# Pics of my Instal



## johng (Nov 21, 2009)

Here are some pics of my Jotul F500. I used some stacked stone from Home Dopot http://i203.photobucket.com/albums/aa100/rgraf/IMG00009-20091112-1520.jpg http://i203.photobucket.com/albums/aa100/rgraf/IMG00018-20091121-1040.jpg


----------



## szmaine (Nov 21, 2009)

It ROCKS! How are the stones attached to the wall?


----------



## johng (Nov 21, 2009)

We used Durarock with a one inch air space and then put up metal lath. We had to use 3 1/2 inch screws with washers on the heads of the screws to hold the lath to the wall. And then you use a special cement on the back of the rocks and the rocks just stick to the metal lath.


----------



## Bubbavh (Nov 21, 2009)

Very nice!


----------



## bambam (Nov 21, 2009)

Looks very nice.  How could does it get there in N.E. Florida?  Seems to me that it would be like burning a shoulder season the entire winter.


----------



## lexybird (Nov 21, 2009)

love the rock idea ,very unique and looks great!


----------



## mikepinto65 (Nov 21, 2009)

Looks great, thats exactly what my wife and I want to do for our Oslo. We were just at The HD last night looking at stone! Im finishing my basement now but'll probably have to wait untill the spring for the Hearth because I really dont want to disable the stove during the cold. How long did it take you to complete?


----------



## fossil (Nov 21, 2009)

It's quite beautiful.  Very nice job.  I'm gonna move the thread to the Perfect Picture forum.  Rick


----------



## floridaboy (Nov 21, 2009)

Thats a nice job My Friend. Thought about doing the stone ,but went with  the tile.


----------



## raybonz (Nov 22, 2009)

Beautiful stove and stonework...

Ray


----------



## johng (Nov 22, 2009)

It only took two days to lay the stone and another half day to get the dura rock and lath ready. I took out a prefab fireplace which took a couple more days to remove it and the old chimney pipe. The stone goes up pretty fast once you get everything ready and start laying it. I have built several fires already but, I have had to leave the windows open cause we have not had any cold weather yet. Last year we already had a couple freezes by now.


----------



## savageactor7 (Nov 22, 2009)

Love that rock look...floor must be on a cement pad to support that load.


----------



## woodracerx (Nov 22, 2009)

Nice stone work what are the flat hearth stones,Mark


----------



## johng (Nov 22, 2009)

All the rock is made by GAF it is called Natural ledge stone. All of it is UL listed. The flat pieces are called Hearth stone made by GAF. They are 2in thick and 20x20. And it is also UL listed. 
Yes savage it is on a concrete slab, we build the rasied portion out of 2x6 lumber then a piece of 3/4in plywood and then a 1/2in piece of durarock. But, the rock does not wiegh near as much as you would think.


----------



## Highbeam (Nov 23, 2009)

Plus the rock's weight bears(or is it bares) on the wall and not the floor. Only an interior wall would not be supported by the foundation. I think it's great. I am jealous of the install. Did you start at the top and work your way down? Did you grout between the stones? If not, what can you see when you look between the stones. 

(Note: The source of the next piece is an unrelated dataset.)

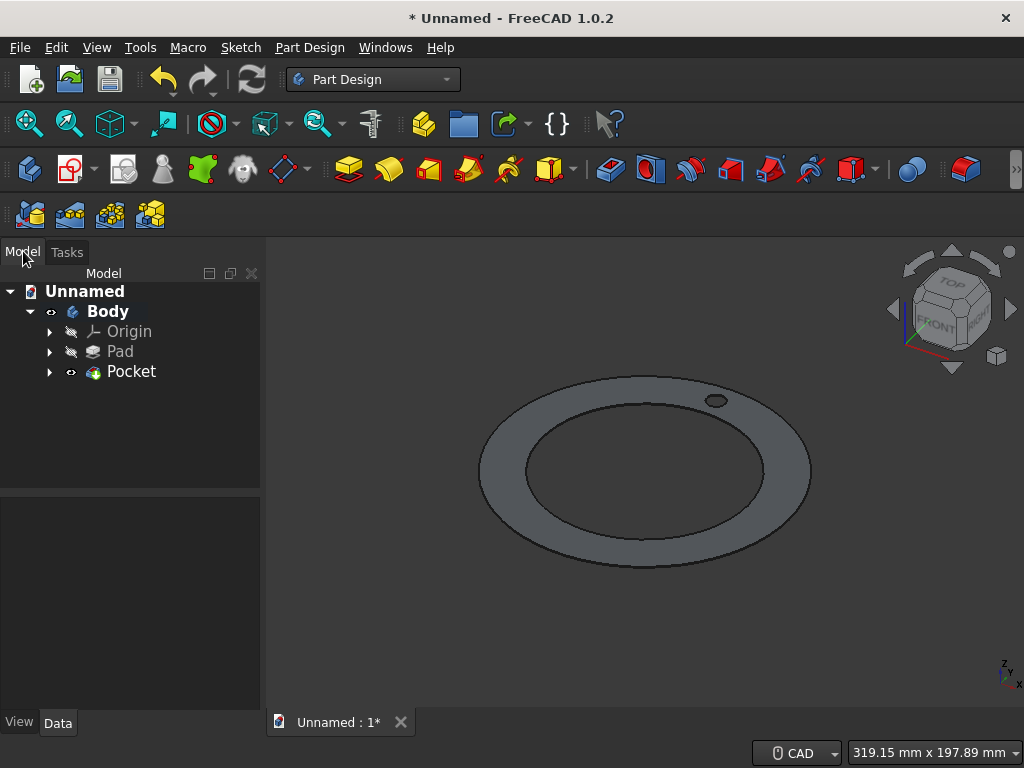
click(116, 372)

I would love to do this behind my stove. Are the clearances to combustibles still measured to the original sheetrock wall or studs? I think it should be but don't know what the other folks are doing. It looks like single wall pipe. Because of the heatshield could you go less than 18"? 

Lots of questions because I would love to copy it.


----------



## johng (Nov 23, 2009)

I am not sure about the clearances. I am still with in the clearance of a protected wall. The stone does not actually rest on the floor. I had to leave an air space across most of the bottom. The weight is carried on the back of the stone that is the only place you put the mud then you stack it tight. Now I did have to get a grout bag and put some grout in the corners and a few other places. But, not as many as you might think. You can go closer than 18 with a protected wall. You can go to the GAF website and see more about the stone and how it is installed. The only thing we did different than the way they show it on the site. Is we did not use a scratch coat which is a 1in coating of concrete with little lines scratched in it. We stuck the rock straight on the lath with the cement. And they are stuck very well. The corners of my stove are 13in from the wall which is right at the limit acording to the book that came witht the stove. oh I almost for got, we started at the bottom and worked up. Stacking and trying to keep it uniform with big stones and little ones. Its like a big puzzle we would dry fit several pieces before deciding on the right one. We cut most of the rock with a gas powerd saw with an abrasive blade.


----------